Location
- Chamberlain Road Birmingham, West Midlands, B13 0QP England
- Coordinates: 52°25′25″N 1°52′47″W﻿ / ﻿52.4237°N 1.8798°W

Information
- Type: Community school
- Local authority: Birmingham
- Department for Education URN: 103486 Tables
- Ofsted: Reports
- Head teacher: Marie Orton
- Gender: Mixed
- Age: 11 to 16
- Enrolment: 792 as of September 2024^{[update]}
- Capacity: 806
- Colours: Navy Blue , Sky Blue , Gold , White
- Website: www.khss.org.uk

= Kings Heath Secondary School =

Kings Heath Secondary (formerly Kings Heath Boys) is a community school located in Kings Heath, south Birmingham, England. It has a comprehensive admissions policy, and in 2024, had an enrolment of 792 pupils ages 11–16. The current headteacher is Mrs Marie Orton.

== History ==
In May 2023, the school received a rating of "good" from Ofsted, maintaining its rating of "Good" from the previous short-inspection in 2022. The report concluded that "Pupils are happy and considerate at Kings Heath..." and "Leaders have constructed a broad and ambitious curriculum. This has inspired subject leaders to skilfully design subject curriculums."

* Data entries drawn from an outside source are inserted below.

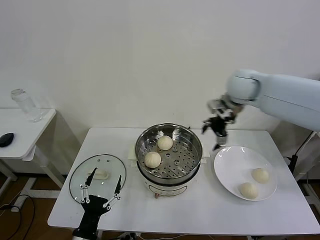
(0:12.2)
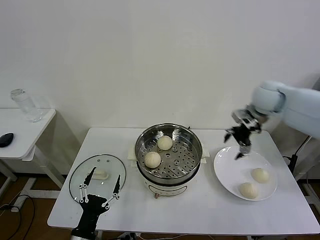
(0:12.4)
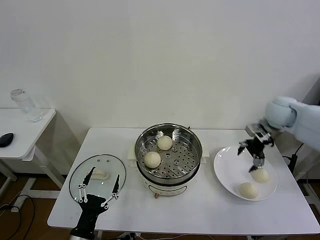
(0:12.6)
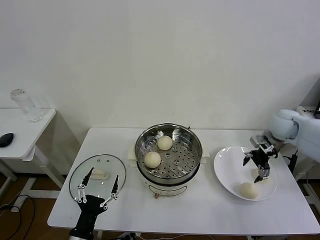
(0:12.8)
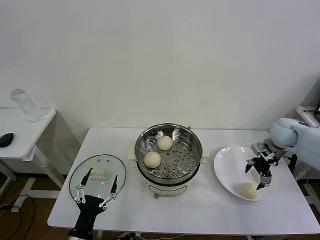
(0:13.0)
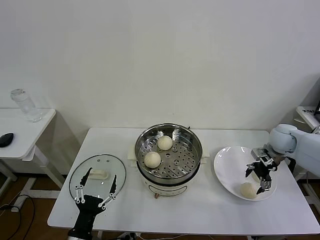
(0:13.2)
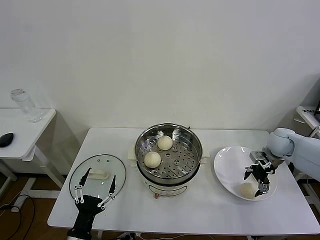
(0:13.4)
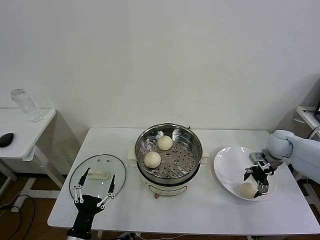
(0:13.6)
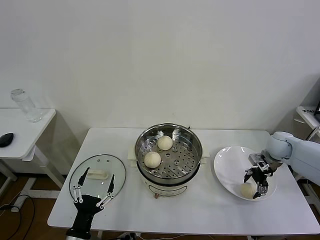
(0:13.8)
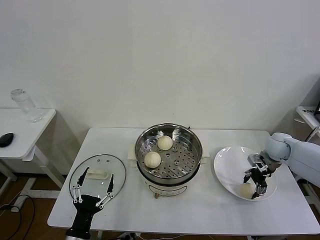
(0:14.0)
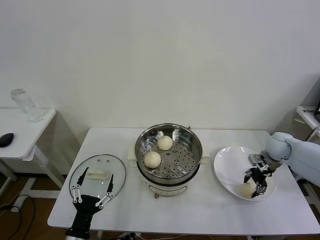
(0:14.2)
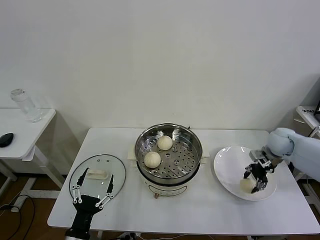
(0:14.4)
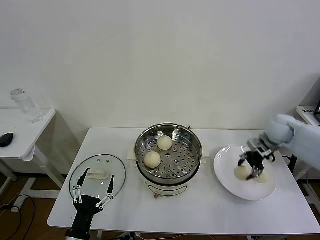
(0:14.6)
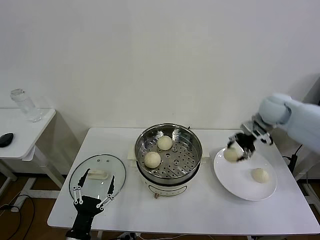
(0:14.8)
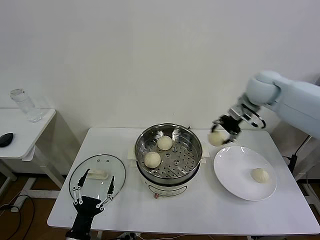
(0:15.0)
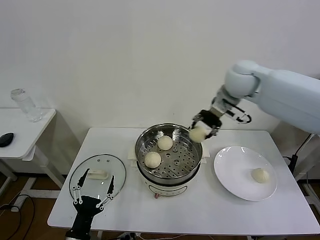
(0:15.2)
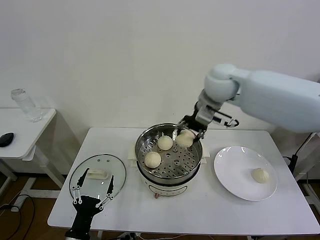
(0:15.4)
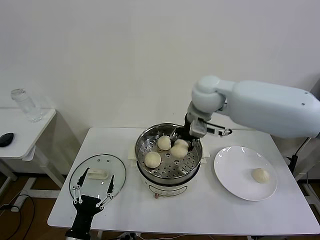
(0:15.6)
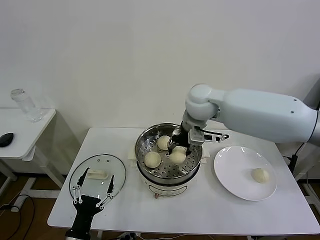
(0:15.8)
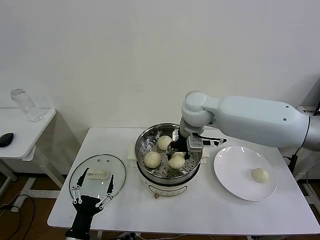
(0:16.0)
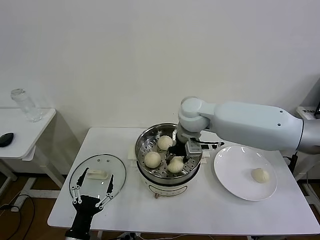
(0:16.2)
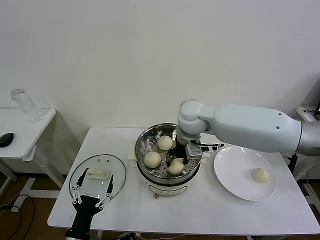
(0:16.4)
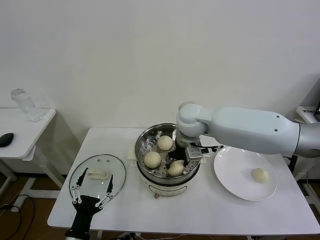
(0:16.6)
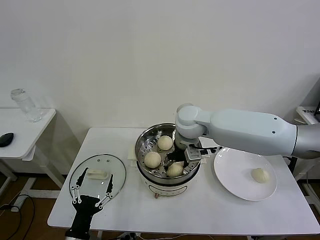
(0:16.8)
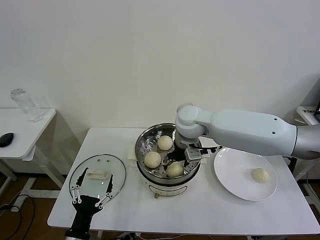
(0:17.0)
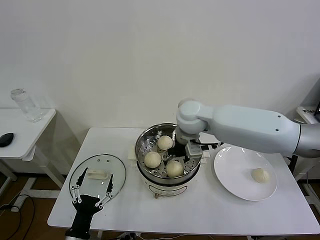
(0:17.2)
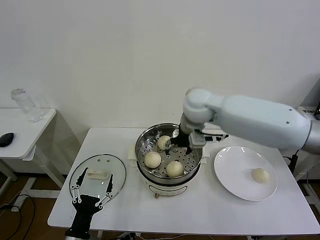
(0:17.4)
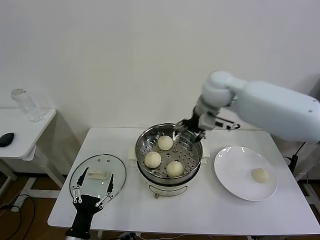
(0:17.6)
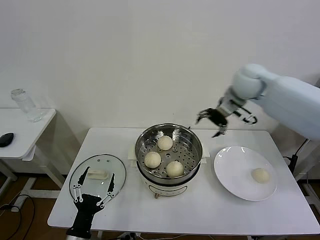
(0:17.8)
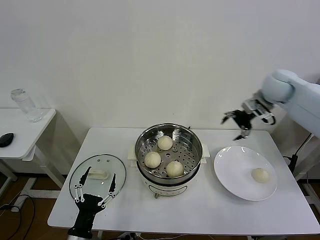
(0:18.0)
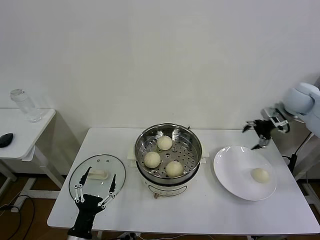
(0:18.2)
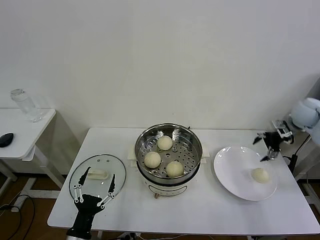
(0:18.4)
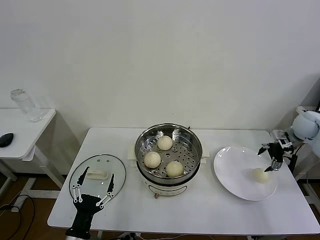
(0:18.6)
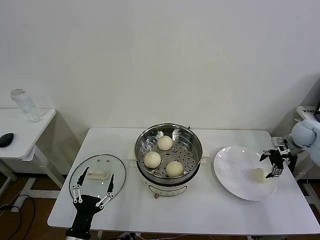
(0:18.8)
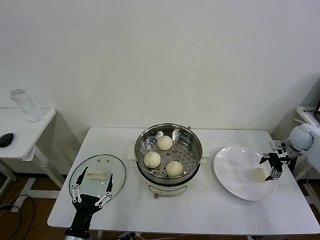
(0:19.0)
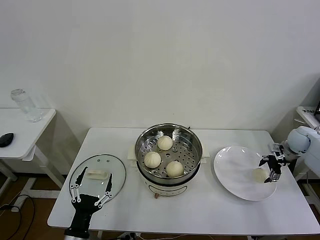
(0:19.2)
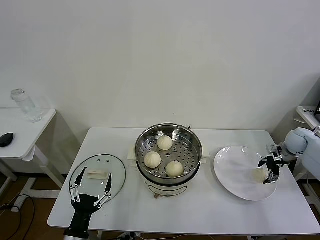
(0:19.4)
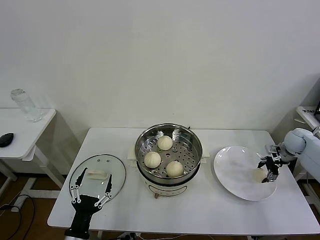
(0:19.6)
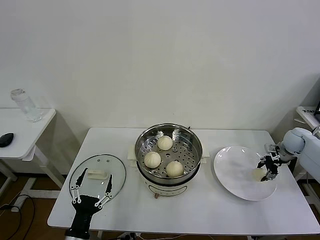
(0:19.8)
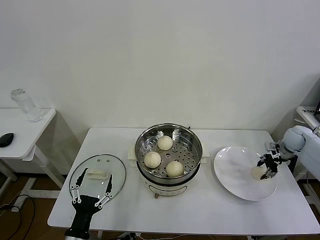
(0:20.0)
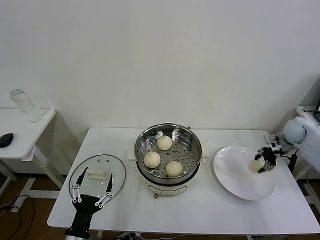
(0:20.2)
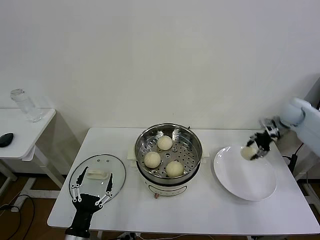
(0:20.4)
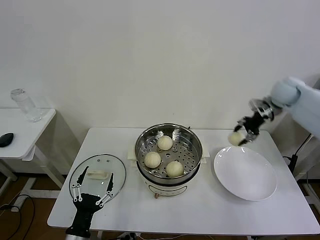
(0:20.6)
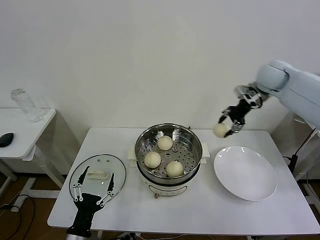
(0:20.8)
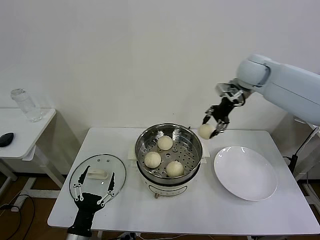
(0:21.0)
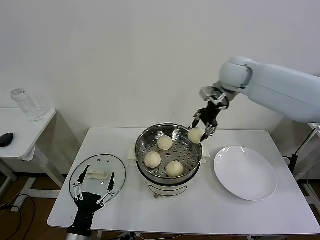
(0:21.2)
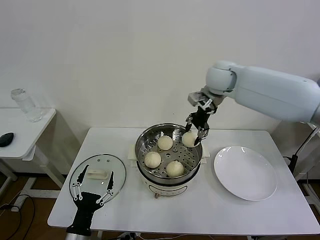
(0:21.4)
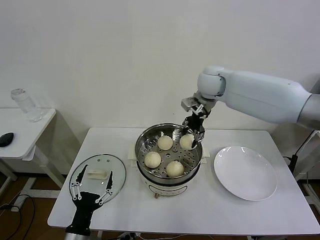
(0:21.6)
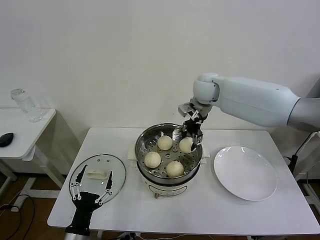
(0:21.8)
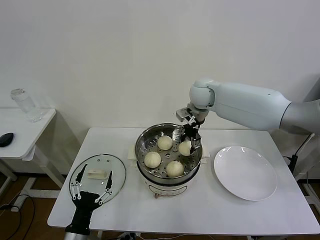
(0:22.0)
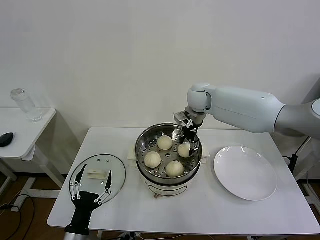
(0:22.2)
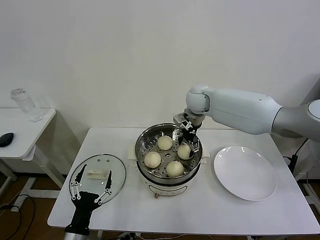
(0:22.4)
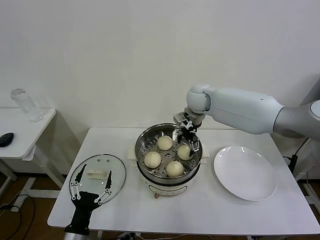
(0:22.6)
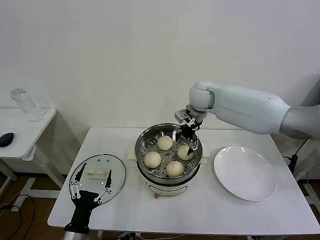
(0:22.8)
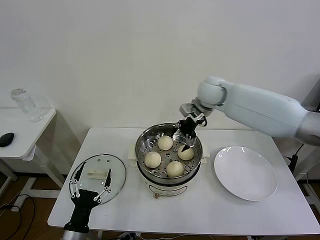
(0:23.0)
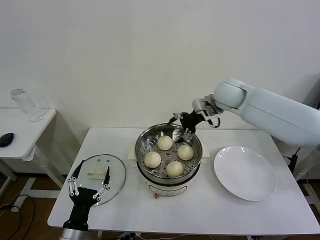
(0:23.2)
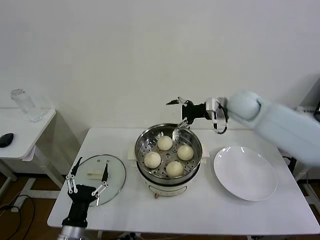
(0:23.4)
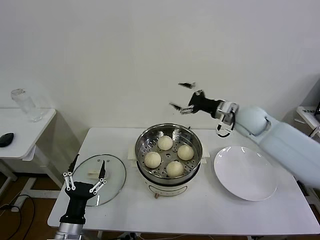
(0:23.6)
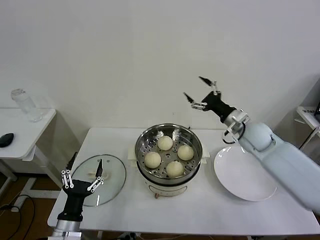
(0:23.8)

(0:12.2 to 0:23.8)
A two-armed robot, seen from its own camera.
Task of the whole recording: take steamed baozi put them in steamer then cover it.
Step, 0:12.2 - 0:14.2: Grasp the baozi in the plate with right gripper.
Step, 0:14.4 - 0:17.0: Place the baozi on the steamer with right gripper.
Step, 0:17.4 - 0:19.8: Grasp the baozi in the plate with right gripper.
Step, 0:20.0 - 0:22.6: Place the baozi on the steamer with right gripper.
0:12.2 - 0:13.6: The right gripper is displaced downward and to the right by about 25 cm.
0:13.6 - 0:15.0: The right gripper travels upward and to the left by roughly 25 cm, and closes its fingers.
0:15.0 - 0:16.6: The right gripper shifts approximately 20 cm to the left and downward.
0:16.6 - 0:18.0: The right gripper is displaced to the right by roughly 30 cm, and opens.
0:18.0 - 0:19.4: The right gripper heads downward and to the right, covering about 25 cm.
0:19.4 - 0:21.0: The right gripper is displaced to the left and upward by about 35 cm, and closes up.
0:21.0 - 0:22.4: The right gripper goes about 20 cm to the left and downward, and opens its fingers.
0:22.4 - 0:23.8: The right gripper moves to the right and backward, some 20 cm.

In July 2023, following consultation, the school announced the decision to become a co-educational (boys and girls) school beginning in September 2024. Improvement works were completed in September 2023 to add the necessary facilities to welcome girls into the school and enhance facilities across the board.

Kings Heath Secondary is a Trauma Informed Attachment Aware School (TIAAS) and has been awarded the Silver TIAAS certification.

In 2023, the school's Arts programme was recognised with a Silver ArtsMark award.